Given records: Begin

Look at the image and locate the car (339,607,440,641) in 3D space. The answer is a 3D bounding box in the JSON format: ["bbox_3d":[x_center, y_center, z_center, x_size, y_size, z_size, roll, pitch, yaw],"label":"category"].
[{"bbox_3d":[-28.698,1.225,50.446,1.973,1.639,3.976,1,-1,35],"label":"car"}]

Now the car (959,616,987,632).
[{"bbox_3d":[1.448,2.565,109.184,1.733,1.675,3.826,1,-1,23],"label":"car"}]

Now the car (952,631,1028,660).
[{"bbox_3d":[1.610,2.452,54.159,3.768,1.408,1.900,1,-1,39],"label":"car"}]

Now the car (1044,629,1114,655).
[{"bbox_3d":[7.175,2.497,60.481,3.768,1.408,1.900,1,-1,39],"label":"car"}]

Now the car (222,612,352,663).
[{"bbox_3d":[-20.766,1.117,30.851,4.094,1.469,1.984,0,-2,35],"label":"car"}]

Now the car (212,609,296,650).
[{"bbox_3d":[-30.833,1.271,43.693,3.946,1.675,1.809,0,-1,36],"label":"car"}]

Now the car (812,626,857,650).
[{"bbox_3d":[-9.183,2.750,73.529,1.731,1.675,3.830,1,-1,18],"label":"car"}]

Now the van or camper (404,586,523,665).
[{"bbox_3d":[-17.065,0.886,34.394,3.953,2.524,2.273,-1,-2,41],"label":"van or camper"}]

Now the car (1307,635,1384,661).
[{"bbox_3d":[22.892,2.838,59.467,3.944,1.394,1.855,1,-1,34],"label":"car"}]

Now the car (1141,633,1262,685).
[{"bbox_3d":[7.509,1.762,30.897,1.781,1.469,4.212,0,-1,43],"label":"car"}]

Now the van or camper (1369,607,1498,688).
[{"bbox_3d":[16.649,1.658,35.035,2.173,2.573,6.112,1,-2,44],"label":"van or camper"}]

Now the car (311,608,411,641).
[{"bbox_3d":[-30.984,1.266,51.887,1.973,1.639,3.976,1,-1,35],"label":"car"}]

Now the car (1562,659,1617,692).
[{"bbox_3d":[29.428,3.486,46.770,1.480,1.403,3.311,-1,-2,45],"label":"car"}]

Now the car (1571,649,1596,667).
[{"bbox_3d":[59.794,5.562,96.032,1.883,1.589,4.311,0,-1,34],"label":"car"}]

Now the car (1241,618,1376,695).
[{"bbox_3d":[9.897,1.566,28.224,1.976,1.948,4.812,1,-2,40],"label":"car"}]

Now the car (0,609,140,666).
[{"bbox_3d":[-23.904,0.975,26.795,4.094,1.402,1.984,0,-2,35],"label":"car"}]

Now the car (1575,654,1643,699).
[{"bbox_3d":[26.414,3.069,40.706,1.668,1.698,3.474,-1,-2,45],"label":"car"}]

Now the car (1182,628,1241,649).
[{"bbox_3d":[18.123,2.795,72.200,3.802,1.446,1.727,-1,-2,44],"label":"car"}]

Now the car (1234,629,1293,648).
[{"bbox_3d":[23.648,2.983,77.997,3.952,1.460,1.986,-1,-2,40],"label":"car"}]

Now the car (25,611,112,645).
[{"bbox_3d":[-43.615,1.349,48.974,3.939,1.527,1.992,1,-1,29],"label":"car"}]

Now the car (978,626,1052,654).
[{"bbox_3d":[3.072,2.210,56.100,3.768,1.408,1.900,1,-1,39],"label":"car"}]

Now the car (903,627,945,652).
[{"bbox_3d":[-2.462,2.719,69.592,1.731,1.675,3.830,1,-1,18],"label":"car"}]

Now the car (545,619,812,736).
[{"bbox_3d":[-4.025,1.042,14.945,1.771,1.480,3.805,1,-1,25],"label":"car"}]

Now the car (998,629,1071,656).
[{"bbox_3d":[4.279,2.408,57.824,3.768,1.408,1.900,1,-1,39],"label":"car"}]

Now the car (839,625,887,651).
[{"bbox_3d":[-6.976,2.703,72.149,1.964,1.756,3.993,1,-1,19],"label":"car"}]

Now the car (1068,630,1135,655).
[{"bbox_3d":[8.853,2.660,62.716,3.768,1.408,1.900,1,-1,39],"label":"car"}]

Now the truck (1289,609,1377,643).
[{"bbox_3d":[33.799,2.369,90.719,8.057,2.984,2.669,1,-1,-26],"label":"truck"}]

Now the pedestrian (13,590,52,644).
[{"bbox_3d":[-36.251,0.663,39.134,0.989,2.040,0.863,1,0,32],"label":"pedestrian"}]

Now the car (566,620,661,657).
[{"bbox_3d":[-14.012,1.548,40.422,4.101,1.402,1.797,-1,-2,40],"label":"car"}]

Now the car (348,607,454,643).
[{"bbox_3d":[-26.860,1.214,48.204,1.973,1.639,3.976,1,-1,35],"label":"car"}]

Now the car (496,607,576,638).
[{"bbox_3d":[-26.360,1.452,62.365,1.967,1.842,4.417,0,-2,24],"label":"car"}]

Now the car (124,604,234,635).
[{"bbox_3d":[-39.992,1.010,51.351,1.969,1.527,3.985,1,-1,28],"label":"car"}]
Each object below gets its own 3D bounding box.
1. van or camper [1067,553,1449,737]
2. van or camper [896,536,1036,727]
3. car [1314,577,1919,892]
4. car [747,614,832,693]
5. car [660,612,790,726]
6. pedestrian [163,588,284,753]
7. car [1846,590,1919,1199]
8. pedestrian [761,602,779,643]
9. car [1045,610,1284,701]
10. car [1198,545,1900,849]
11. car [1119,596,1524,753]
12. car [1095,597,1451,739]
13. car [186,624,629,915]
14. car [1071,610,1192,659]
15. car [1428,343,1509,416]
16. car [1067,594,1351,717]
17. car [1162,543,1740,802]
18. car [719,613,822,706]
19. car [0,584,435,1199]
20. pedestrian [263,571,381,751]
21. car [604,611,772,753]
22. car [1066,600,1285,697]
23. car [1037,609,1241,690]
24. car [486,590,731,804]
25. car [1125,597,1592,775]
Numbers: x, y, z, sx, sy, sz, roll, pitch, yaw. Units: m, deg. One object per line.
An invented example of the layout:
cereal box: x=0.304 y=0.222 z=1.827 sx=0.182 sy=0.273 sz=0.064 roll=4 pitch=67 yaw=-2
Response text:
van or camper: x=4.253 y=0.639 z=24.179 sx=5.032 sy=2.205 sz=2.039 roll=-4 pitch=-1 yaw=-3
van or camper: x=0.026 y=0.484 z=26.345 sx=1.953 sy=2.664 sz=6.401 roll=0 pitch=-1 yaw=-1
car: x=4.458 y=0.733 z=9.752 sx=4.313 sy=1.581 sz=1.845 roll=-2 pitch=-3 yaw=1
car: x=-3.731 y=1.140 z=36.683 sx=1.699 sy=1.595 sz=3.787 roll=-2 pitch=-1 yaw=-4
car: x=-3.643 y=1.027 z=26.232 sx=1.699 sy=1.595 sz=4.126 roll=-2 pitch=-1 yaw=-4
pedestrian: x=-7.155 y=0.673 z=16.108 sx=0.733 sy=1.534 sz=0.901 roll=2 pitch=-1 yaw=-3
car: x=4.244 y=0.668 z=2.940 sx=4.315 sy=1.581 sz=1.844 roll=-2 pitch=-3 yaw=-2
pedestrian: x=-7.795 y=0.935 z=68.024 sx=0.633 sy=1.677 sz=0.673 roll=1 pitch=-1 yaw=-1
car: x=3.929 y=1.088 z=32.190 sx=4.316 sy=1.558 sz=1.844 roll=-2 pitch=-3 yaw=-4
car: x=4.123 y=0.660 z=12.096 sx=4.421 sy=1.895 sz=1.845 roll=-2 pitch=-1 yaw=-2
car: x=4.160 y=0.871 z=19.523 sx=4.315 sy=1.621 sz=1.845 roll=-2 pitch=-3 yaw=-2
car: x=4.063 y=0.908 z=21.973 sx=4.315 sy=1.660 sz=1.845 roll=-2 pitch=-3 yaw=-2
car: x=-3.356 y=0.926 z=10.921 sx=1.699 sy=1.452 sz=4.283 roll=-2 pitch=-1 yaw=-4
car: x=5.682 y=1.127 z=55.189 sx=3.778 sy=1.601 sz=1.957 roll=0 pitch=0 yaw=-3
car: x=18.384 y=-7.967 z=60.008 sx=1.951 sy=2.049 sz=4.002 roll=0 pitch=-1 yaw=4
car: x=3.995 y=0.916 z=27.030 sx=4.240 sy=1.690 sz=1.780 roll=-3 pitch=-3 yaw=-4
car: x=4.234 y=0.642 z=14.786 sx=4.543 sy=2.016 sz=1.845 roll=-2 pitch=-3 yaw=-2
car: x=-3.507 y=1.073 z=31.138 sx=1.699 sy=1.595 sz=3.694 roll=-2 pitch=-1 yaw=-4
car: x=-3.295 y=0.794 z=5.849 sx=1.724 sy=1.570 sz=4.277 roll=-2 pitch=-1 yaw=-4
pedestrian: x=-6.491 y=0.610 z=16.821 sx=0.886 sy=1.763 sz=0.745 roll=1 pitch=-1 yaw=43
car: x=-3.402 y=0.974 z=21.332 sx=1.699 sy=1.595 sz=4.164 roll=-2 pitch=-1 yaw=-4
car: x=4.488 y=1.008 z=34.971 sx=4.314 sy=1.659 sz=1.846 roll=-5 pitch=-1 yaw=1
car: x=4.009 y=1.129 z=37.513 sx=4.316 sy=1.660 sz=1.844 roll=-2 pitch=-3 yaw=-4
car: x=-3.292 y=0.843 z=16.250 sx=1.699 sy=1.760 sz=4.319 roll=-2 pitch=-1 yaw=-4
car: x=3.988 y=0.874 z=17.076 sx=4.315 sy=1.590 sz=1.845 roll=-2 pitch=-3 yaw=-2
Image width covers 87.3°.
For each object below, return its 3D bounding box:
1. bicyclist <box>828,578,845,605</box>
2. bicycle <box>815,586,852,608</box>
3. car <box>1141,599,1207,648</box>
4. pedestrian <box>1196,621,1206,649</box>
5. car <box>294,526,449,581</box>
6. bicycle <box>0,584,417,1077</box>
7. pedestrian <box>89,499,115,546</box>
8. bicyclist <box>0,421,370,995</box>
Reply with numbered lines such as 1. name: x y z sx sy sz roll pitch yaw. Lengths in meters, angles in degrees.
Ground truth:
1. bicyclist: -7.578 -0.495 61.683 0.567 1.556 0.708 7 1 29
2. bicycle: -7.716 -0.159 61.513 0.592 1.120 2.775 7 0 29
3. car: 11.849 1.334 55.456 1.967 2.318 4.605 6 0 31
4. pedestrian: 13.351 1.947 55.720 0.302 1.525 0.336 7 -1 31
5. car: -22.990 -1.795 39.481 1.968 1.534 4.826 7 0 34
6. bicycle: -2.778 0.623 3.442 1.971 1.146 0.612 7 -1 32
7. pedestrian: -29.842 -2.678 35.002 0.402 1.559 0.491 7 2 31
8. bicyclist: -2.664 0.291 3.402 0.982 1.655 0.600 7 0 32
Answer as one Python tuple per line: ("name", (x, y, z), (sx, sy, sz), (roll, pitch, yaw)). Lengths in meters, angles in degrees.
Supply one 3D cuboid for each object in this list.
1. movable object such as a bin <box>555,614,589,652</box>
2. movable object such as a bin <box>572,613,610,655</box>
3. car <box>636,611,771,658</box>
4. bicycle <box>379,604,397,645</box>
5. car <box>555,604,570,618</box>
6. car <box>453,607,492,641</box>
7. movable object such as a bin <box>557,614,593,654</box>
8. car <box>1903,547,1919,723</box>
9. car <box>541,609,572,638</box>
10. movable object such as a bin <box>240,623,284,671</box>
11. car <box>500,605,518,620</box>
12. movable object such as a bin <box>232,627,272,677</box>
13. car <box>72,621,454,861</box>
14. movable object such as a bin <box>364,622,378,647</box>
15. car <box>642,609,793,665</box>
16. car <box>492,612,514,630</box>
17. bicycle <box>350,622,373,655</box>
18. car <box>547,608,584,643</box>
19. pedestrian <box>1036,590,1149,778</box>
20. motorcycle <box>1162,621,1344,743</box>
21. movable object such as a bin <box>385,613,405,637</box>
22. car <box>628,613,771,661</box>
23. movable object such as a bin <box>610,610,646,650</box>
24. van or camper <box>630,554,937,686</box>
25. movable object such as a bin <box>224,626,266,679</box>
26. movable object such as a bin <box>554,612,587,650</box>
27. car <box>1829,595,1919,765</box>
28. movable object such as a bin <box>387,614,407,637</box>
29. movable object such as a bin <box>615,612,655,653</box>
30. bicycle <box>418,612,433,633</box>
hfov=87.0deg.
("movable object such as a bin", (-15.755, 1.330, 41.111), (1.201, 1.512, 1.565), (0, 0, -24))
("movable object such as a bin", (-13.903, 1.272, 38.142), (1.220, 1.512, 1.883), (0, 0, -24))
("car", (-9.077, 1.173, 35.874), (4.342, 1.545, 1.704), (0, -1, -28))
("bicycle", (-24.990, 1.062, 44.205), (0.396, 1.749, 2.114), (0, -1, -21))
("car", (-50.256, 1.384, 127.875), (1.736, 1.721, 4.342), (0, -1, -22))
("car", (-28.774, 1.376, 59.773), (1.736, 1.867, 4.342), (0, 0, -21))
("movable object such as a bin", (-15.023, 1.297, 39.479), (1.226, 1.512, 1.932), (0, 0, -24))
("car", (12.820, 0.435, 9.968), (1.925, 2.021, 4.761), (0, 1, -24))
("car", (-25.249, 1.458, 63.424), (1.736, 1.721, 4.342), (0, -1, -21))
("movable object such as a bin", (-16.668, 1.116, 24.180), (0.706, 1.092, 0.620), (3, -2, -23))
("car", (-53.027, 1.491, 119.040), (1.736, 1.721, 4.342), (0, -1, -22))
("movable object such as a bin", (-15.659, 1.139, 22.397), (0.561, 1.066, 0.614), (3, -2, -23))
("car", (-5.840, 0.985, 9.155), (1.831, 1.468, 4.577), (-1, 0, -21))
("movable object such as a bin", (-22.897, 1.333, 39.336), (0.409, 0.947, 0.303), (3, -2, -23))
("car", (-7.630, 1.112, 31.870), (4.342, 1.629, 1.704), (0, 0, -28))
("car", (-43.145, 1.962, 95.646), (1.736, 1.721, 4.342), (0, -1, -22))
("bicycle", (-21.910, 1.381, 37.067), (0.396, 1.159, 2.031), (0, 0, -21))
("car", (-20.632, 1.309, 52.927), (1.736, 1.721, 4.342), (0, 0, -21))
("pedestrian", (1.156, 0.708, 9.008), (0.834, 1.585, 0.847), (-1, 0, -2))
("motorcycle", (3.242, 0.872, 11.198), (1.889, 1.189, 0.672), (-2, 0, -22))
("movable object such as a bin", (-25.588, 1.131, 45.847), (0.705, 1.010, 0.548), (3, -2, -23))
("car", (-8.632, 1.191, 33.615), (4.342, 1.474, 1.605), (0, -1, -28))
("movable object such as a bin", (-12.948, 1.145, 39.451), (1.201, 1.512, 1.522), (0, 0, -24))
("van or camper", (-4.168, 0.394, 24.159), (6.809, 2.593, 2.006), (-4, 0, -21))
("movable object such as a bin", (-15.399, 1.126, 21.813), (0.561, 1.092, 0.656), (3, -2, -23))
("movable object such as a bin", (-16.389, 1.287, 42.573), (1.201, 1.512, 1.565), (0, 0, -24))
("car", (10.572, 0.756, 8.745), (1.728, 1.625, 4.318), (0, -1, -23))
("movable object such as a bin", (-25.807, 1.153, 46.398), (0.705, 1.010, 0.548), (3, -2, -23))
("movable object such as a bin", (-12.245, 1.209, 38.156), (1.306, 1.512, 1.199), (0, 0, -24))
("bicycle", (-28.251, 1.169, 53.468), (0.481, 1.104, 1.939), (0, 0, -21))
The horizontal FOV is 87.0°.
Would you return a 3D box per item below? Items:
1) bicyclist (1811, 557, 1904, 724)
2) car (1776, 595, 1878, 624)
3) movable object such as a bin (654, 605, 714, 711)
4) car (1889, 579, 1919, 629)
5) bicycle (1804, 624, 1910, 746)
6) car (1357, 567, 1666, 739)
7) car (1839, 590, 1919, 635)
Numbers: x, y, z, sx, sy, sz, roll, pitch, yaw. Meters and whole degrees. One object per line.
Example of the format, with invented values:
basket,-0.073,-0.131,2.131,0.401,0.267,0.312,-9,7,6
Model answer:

Given records: End

**What you need to do**
Could you reproduce exactly the lines of the entries above, from the one with "Each object below gets" through the one with "8. pedestrian [761,602,779,643]", and nothing else?

**Your response**
Each object below gets its own 3D bounding box.
1. van or camper [1067,553,1449,737]
2. van or camper [896,536,1036,727]
3. car [1314,577,1919,892]
4. car [747,614,832,693]
5. car [660,612,790,726]
6. pedestrian [163,588,284,753]
7. car [1846,590,1919,1199]
8. pedestrian [761,602,779,643]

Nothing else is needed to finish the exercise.